Former constituency
- Created: 1969
- Abolished: 1997
- Seats: 3
- Local government area: County Mayo
- Created from: Mayo North; Mayo South;
- Replaced by: Mayo

= Mayo West (Dáil constituency) =

Dáil constituency (1969–1997)

Mayo West was a parliamentary constituency represented in Dáil Éireann, the lower house of the Irish parliament or Oireachtas from 1969 to 1997. The constituency was served by 3 deputies (Teachtaí Dála, commonly known as TDs). The method of election was proportional representation by means of the single transferable vote (PR-STV).

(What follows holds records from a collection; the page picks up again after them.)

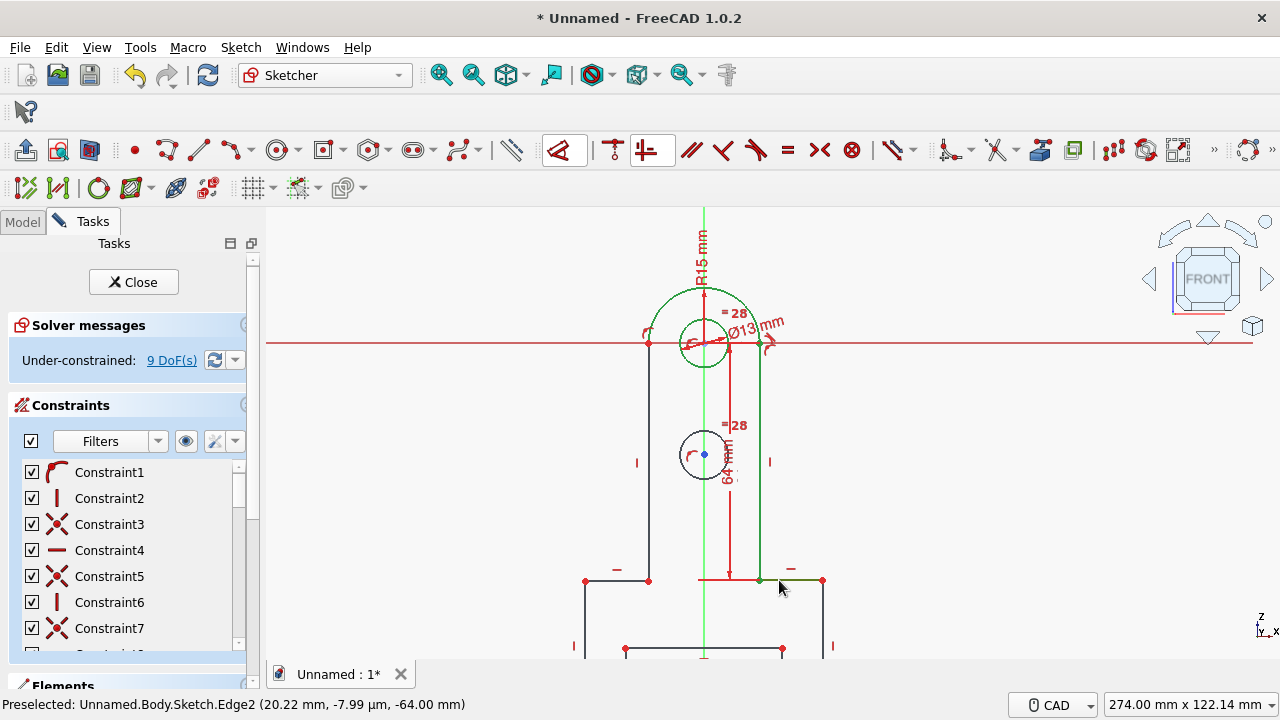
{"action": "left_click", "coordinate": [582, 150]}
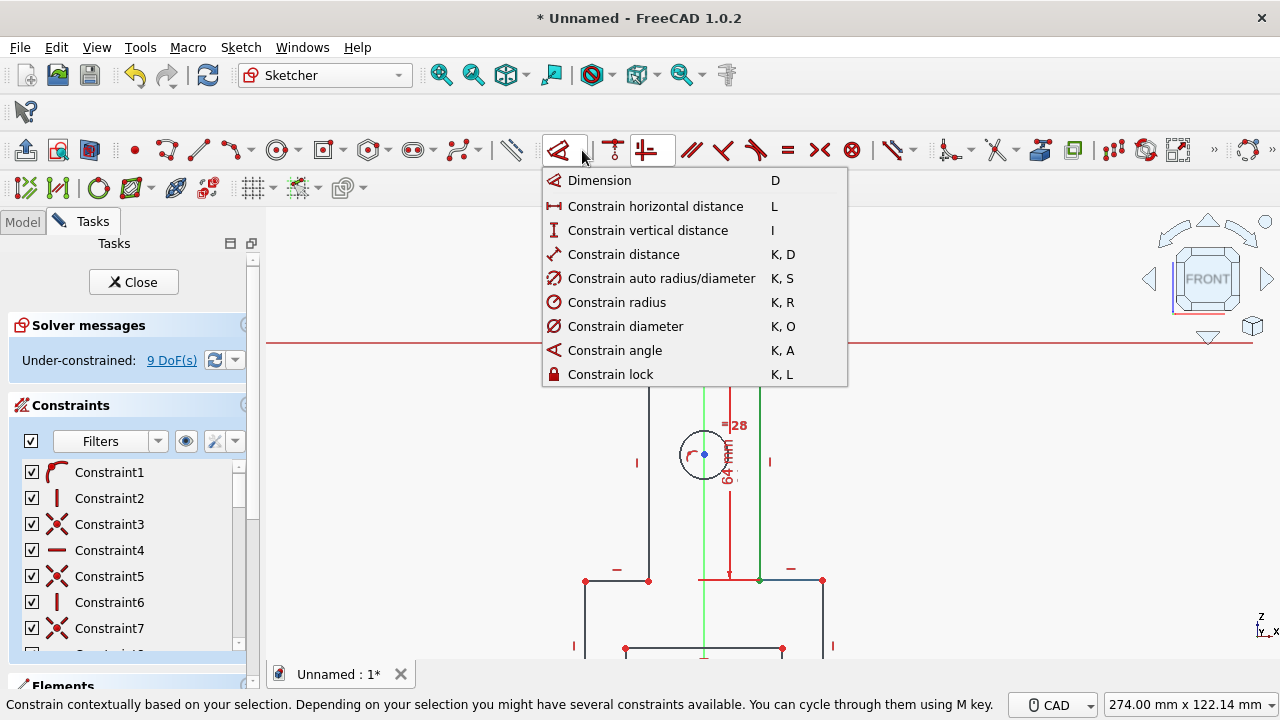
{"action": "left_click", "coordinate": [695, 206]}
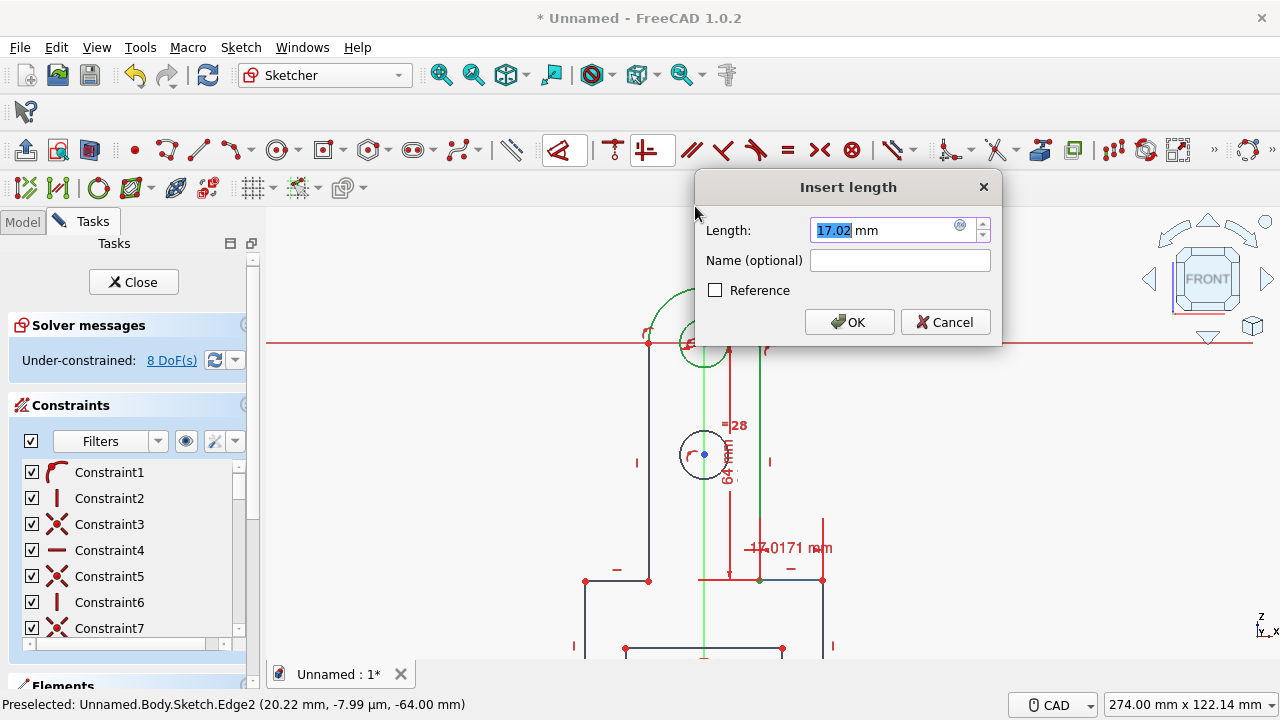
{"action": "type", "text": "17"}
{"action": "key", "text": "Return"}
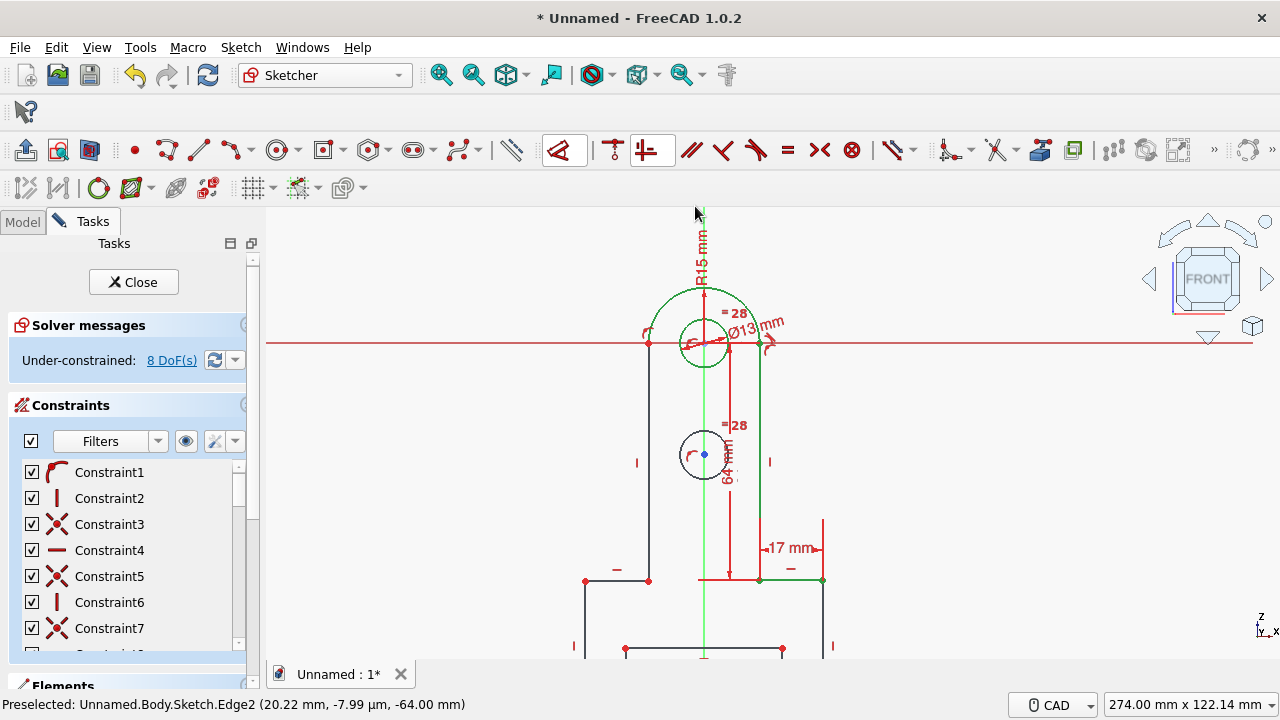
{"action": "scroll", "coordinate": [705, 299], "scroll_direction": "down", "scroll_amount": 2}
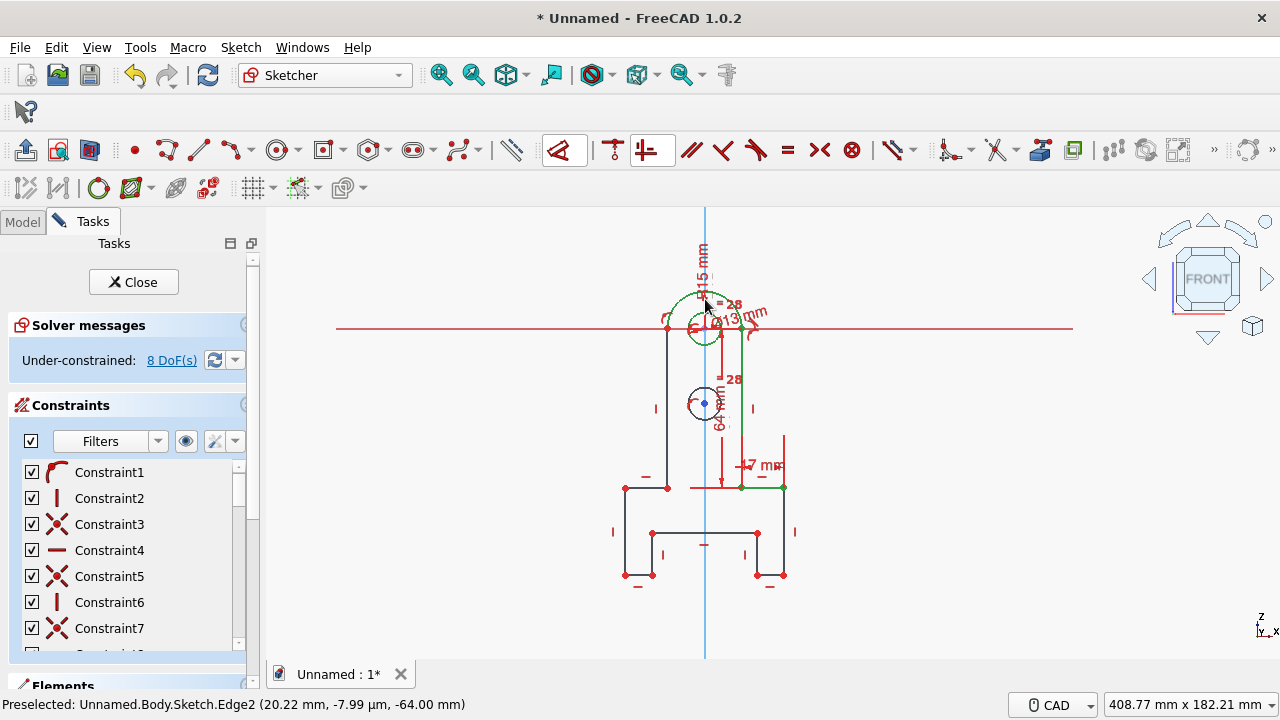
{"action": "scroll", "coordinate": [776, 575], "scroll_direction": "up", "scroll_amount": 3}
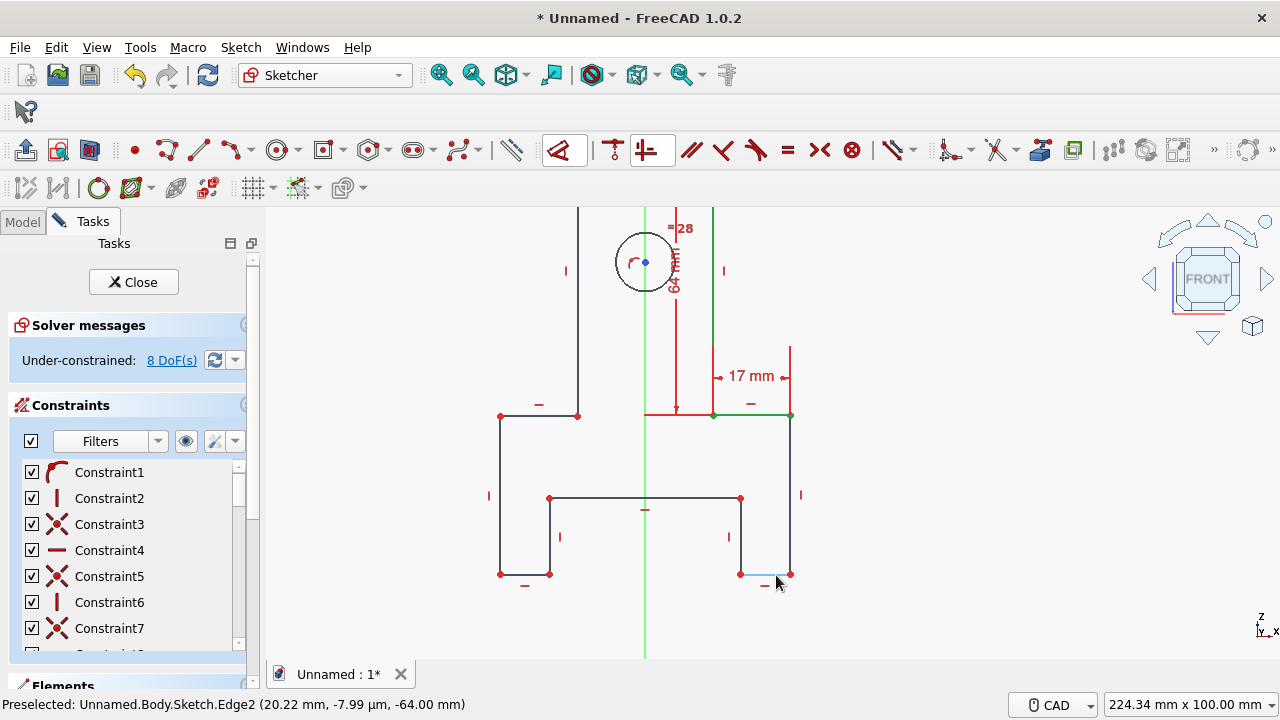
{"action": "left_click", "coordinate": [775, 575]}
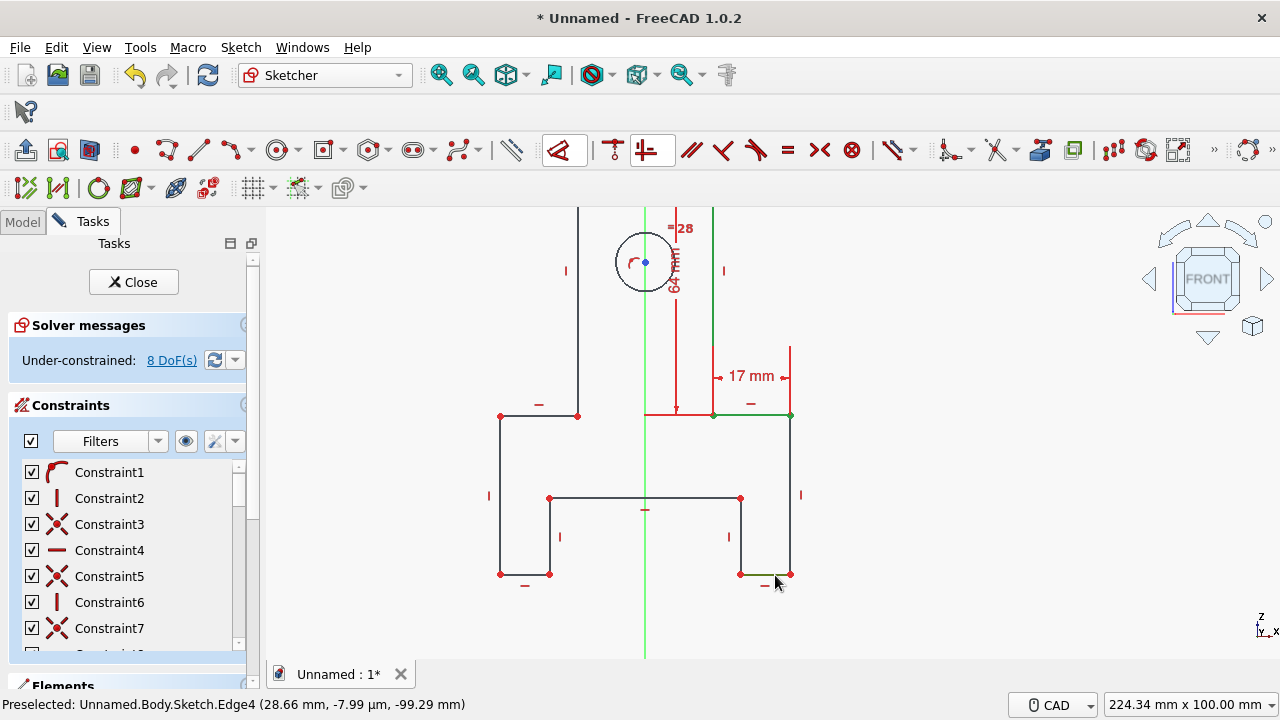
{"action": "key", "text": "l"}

== History and boundaries ==
The constituency was created under the terms of the Electoral (Amendment) Act 1969, taking in parts of the former Mayo North and Mayo South constituencies, and included Ballinrobe, Belmullet, Castlebar and Westport. With effect from the 1997 general election it was combined with Mayo East to form a new five-seat Mayo constituency.

== TDs ==

Teachtaí Dála (TDs) for Mayo West 1969–1997
Key to parties FF = Fianna Fáil; FG = Fine Gael;
Dáil: Election; Deputy (Party); Deputy (Party); Deputy (Party)
19th: 1969; Mícheál Ó Móráin (FF); Joseph Lenehan (FF); Henry Kenny (FG)
20th: 1973; Denis Gallagher (FF); Myles Staunton (FG)
1975 by-election: Enda Kenny (FG)
21st: 1977; Pádraig Flynn (FF)
22nd: 1981
23rd: 1982 (Feb)
24th: 1982 (Nov)
25th: 1987
26th: 1989; Martin O'Toole (FF)
27th: 1992; Séamus Hughes (FF)
1994 by-election: Michael Ring (FG)
28th: 1997; Constituency abolished. See Mayo

== Elections ==

=== 1994 by-election ===
Following the resignation of Fianna Fáil TD Pádraig Flynn on his appointment as EU Commissioner, a by-election was held on 9 June 1994. The seat was won by the Fine Gael candidate Michael Ring.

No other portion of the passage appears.